私は出雲の王権は、伽耶ではなく新羅系の渡来人達が打ち立てたものだと考えています。
古代朝鮮半島との日本列島との交通は、朝鮮南岸(釜山・巨済島)あたりから沖合に見える対馬に渡り、対馬から見える壱岐に渡り、壱岐から見える九州北部に渡る、というのが主ルートですが、この釜山・巨済島は伽耶(金官伽耶)の支配地であり、新羅系の勢力は利用できなかったはず。

一方で、新羅系勢力の中心である慶州に近い東岸浦項あたり船出して、竹島→隠岐→山陰と渡る副ルートがあり、このルートを伝って出雲を制した新羅勢力が、邪馬台国の頃には畿内をも制していたのだと考えています。
その証拠に、隠岐には「隠岐馬」という固有の小型馬(ポニー)がおり、それは李氏朝鮮でも乗用にされていた小型馬と類似していますが、隠岐馬は「軍事用にならない」という理由で、明治時代に人工的に戦前にさせられてしまいました。

ただ、この仮説の難点は、朝鮮東岸から竹島は見えず、竹島からも隠岐は見えないということ。竹島は鬱陵島からは見えますが、浦項→鬱陵島→竹島→隠岐となると、一旦かなり日本海を北上して大回りすることになります。
ただ、浦項から船出して東朝鮮海流を乗り切り、上手く対馬海流に乗れば、無寄港でも隠岐までは行け、そこから出雲は見えるのでこの航路は可能。

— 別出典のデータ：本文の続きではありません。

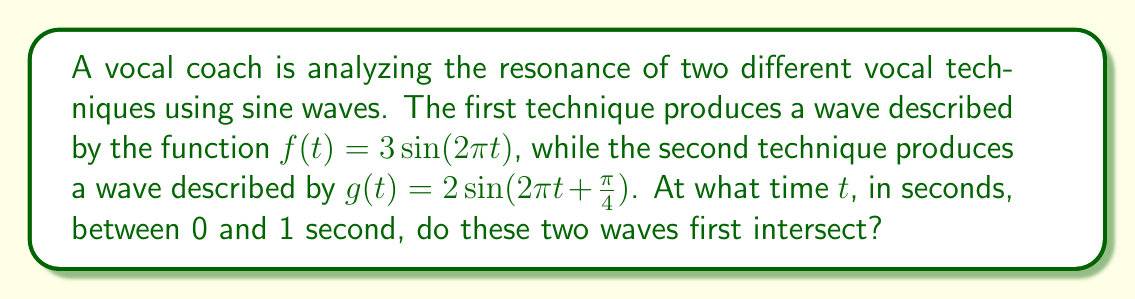Solve this math problem. To find the intersection point, we need to solve the equation:

$f(t) = g(t)$

$3\sin(2\pi t) = 2\sin(2\pi t + \frac{\pi}{4})$

Let's approach this step-by-step:

1) First, we can use the sine addition formula:
   $\sin(A + B) = \sin A \cos B + \cos A \sin B$

2) Applying this to the right side of our equation:
   $2\sin(2\pi t + \frac{\pi}{4}) = 2[\sin(2\pi t)\cos(\frac{\pi}{4}) + \cos(2\pi t)\sin(\frac{\pi}{4})]$

3) We know that $\cos(\frac{\pi}{4}) = \sin(\frac{\pi}{4}) = \frac{\sqrt{2}}{2}$, so:
   $2[\sin(2\pi t)\frac{\sqrt{2}}{2} + \cos(2\pi t)\frac{\sqrt{2}}{2}] = \sqrt{2}[\sin(2\pi t) + \cos(2\pi t)]$

4) Now our equation looks like:
   $3\sin(2\pi t) = \sqrt{2}[\sin(2\pi t) + \cos(2\pi t)]$

5) Rearranging terms:
   $3\sin(2\pi t) - \sqrt{2}\sin(2\pi t) = \sqrt{2}\cos(2\pi t)$
   $(3-\sqrt{2})\sin(2\pi t) = \sqrt{2}\cos(2\pi t)$

6) Dividing both sides by $\sqrt{2}$:
   $\frac{3-\sqrt{2}}{\sqrt{2}}\sin(2\pi t) = \cos(2\pi t)$

7) This is in the form of $\tan(2\pi t) = \frac{\sqrt{2}}{3-\sqrt{2}}$

8) Taking the arctangent of both sides:
   $2\pi t = \arctan(\frac{\sqrt{2}}{3-\sqrt{2}})$

9) Solving for $t$:
   $t = \frac{1}{2\pi}\arctan(\frac{\sqrt{2}}{3-\sqrt{2}}) \approx 0.1057$ seconds

This is the first intersection point between 0 and 1 second.
Answer: $\frac{1}{2\pi}\arctan(\frac{\sqrt{2}}{3-\sqrt{2}})$ seconds

但し、新羅→出雲は海流に乗っていくので可能でも、出雲→新羅は対馬海流に逆らって進むことになり、古代の造船・航海技術でそんなことが可能であったか疑問です。

ただ、この新羅を伽耶に置き換えても同じことであり、出雲勢力が九州を経由せずに伽耶と直接往来ができたかどうかは疑問。

いずれにせよ、出雲王朝や畿内にあった王朝(「王朝」と言っても「豪族」「大名」程度のもの)は、九州から北上して畿内を制した伽耶系の「倭王朝」とは別系統であり、九州から畿内、或いは関東までを制した倭王朝の武威を怖れ、「国譲り」即ち平和裏に服属したということでしょう。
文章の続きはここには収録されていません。